One would understand that the members of a Regulatory Authority, just as many people, would worry about what has been happening lately in Turkey. One can also share the view that these events might cause them to fear for the sake of public liberties and democracy in the country. 

Should a Regulatory Authority express its "worry" though?

Shouldn't it be the Government's role instead, within the framework of its 'diplomatic relations' with the state and with the use of an appropriate vocabulary, to express any 'worry'?

First of all, this is a salient example of the ambiguity of the Audiovisual Regulator. Indeed, while it itself insists on the fact that it acts as an economic regulator of a sector whose development and innovation falls under its watch and monitoring (which namely justifies the fact that he reviews candidacies to the presidency of public televisions channels), the Conseil Supérieur de l'Audiovisuel had initially been created to preserve public liberties.

As such, people who still embrace the distinction that was previously assumed between public liberties regulation and economic regulation still consider the CSA - along with the CNIL - as the prototype of the former type of regulatory body. 

Here the CSA expresses its "deep concern" and sends a request not to "jeopardize liberties", which is the polite version of an injunction, to a foreign regulatory authority upon which it has no authority whatsoever. 

One can understand that the Regulator develops soft law about operators on which he has actual authority. But what about here? Shouldn't the adage Nemo plus juris apply? 

How is the Regulator competent to issue 'releases' in which he formulates desiderata towards a foreign body whose behavior is unappealing to him? Shouldn't the Quai d'Orsay (French Ministry for Foreign Affairs) be in charge? 

The Regulator took a political stance here, while it is known that a Regulatory Authority can only be legitimate when it stands as a technical authority; emphasizing on the political features of its job actually jeopardizes this legitimacy, all the more when international politics are involved (which is the case here).

However, the Regulator does preempt criticism in its press release: 

It starts indeed by stating that it only expresses this sort of 'feeling' because of the old ties that exists between the French and the Turkish Regulators: it essentially considers that friends can be true to one another, express a few criticism and expect changes. Friendship in the digital media and in politics would allow for many things. 

Besides, the CSA recalls the solidarity that prevails between the two regulators.

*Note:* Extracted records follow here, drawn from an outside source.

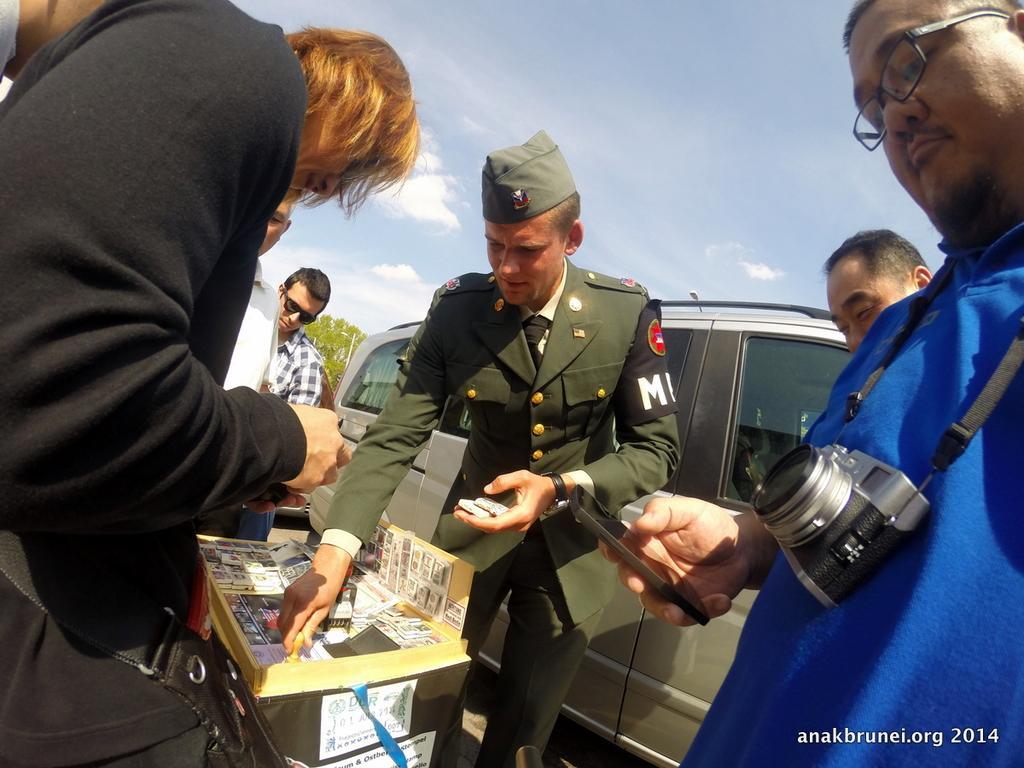In one or two sentences, can you explain what this image depicts? In this picture there is a person with blue t-shirt is standing and holding the device and there is a person with suit is standing and holding the object and there are group of people standing. There are objects on the box. At the back there is a vehicle and there is a tree. At the top there is sky and there are clouds. 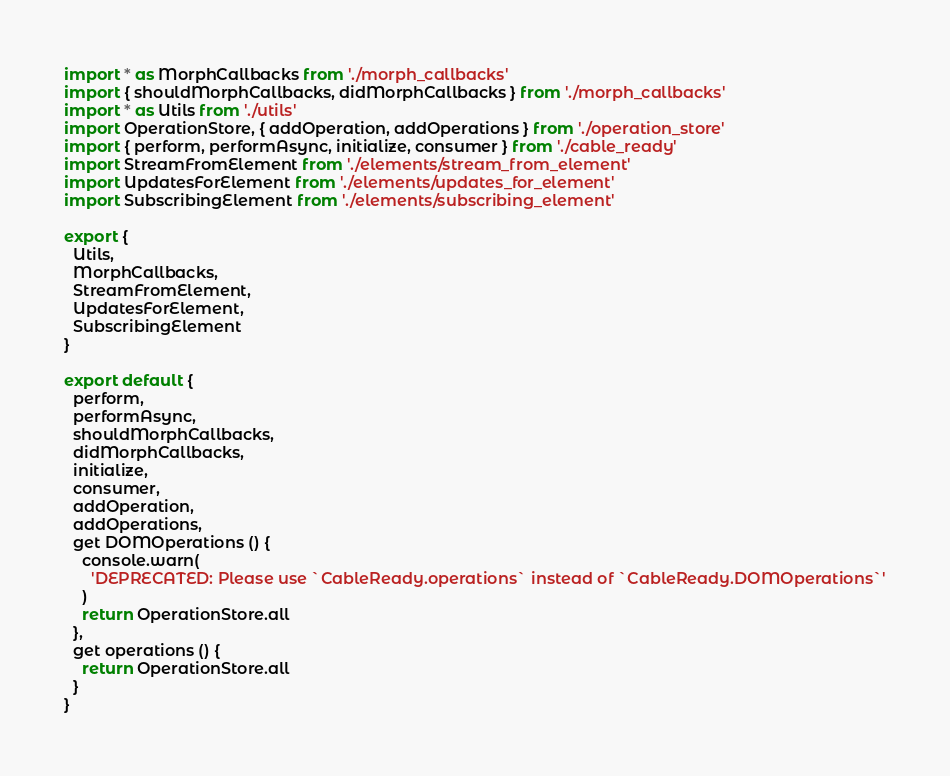<code> <loc_0><loc_0><loc_500><loc_500><_JavaScript_>import * as MorphCallbacks from './morph_callbacks'
import { shouldMorphCallbacks, didMorphCallbacks } from './morph_callbacks'
import * as Utils from './utils'
import OperationStore, { addOperation, addOperations } from './operation_store'
import { perform, performAsync, initialize, consumer } from './cable_ready'
import StreamFromElement from './elements/stream_from_element'
import UpdatesForElement from './elements/updates_for_element'
import SubscribingElement from './elements/subscribing_element'

export {
  Utils,
  MorphCallbacks,
  StreamFromElement,
  UpdatesForElement,
  SubscribingElement
}

export default {
  perform,
  performAsync,
  shouldMorphCallbacks,
  didMorphCallbacks,
  initialize,
  consumer,
  addOperation,
  addOperations,
  get DOMOperations () {
    console.warn(
      'DEPRECATED: Please use `CableReady.operations` instead of `CableReady.DOMOperations`'
    )
    return OperationStore.all
  },
  get operations () {
    return OperationStore.all
  }
}
</code> 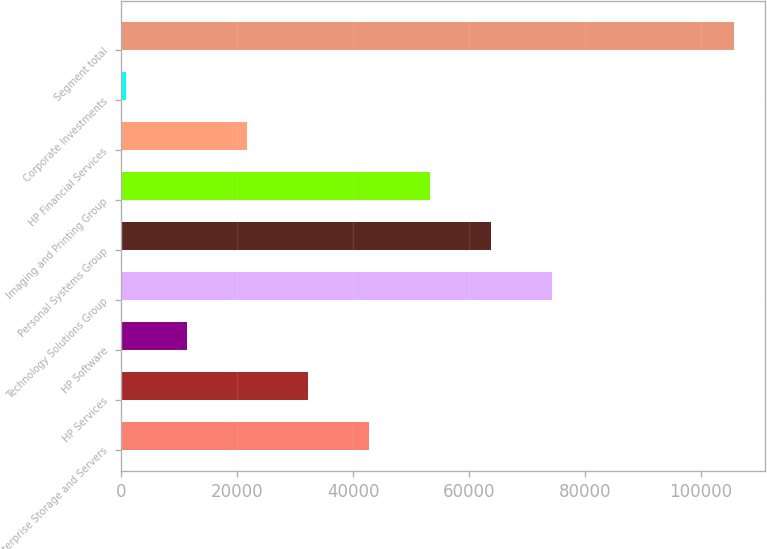Convert chart. <chart><loc_0><loc_0><loc_500><loc_500><bar_chart><fcel>Enterprise Storage and Servers<fcel>HP Services<fcel>HP Software<fcel>Technology Solutions Group<fcel>Personal Systems Group<fcel>Imaging and Printing Group<fcel>HP Financial Services<fcel>Corporate Investments<fcel>Segment total<nl><fcel>42742<fcel>32247<fcel>11257<fcel>74227<fcel>63732<fcel>53237<fcel>21752<fcel>762<fcel>105712<nl></chart>

Because they are "long-time partner within the European Platform of Regulatory Authorities (EPRA) and the Mediterranean Regulation Authorities Network (RIRM)", the French Regulator is enabled to express the Turkish Regulators its view on how it is jeopardizing democracy and how it should consequently stop.

Maybe the many ties that exists between the Regulators now enable them to give more or less stringent advice to one another, whereas diplomatic embassies now play an increasing economic role: how blur do the lines get!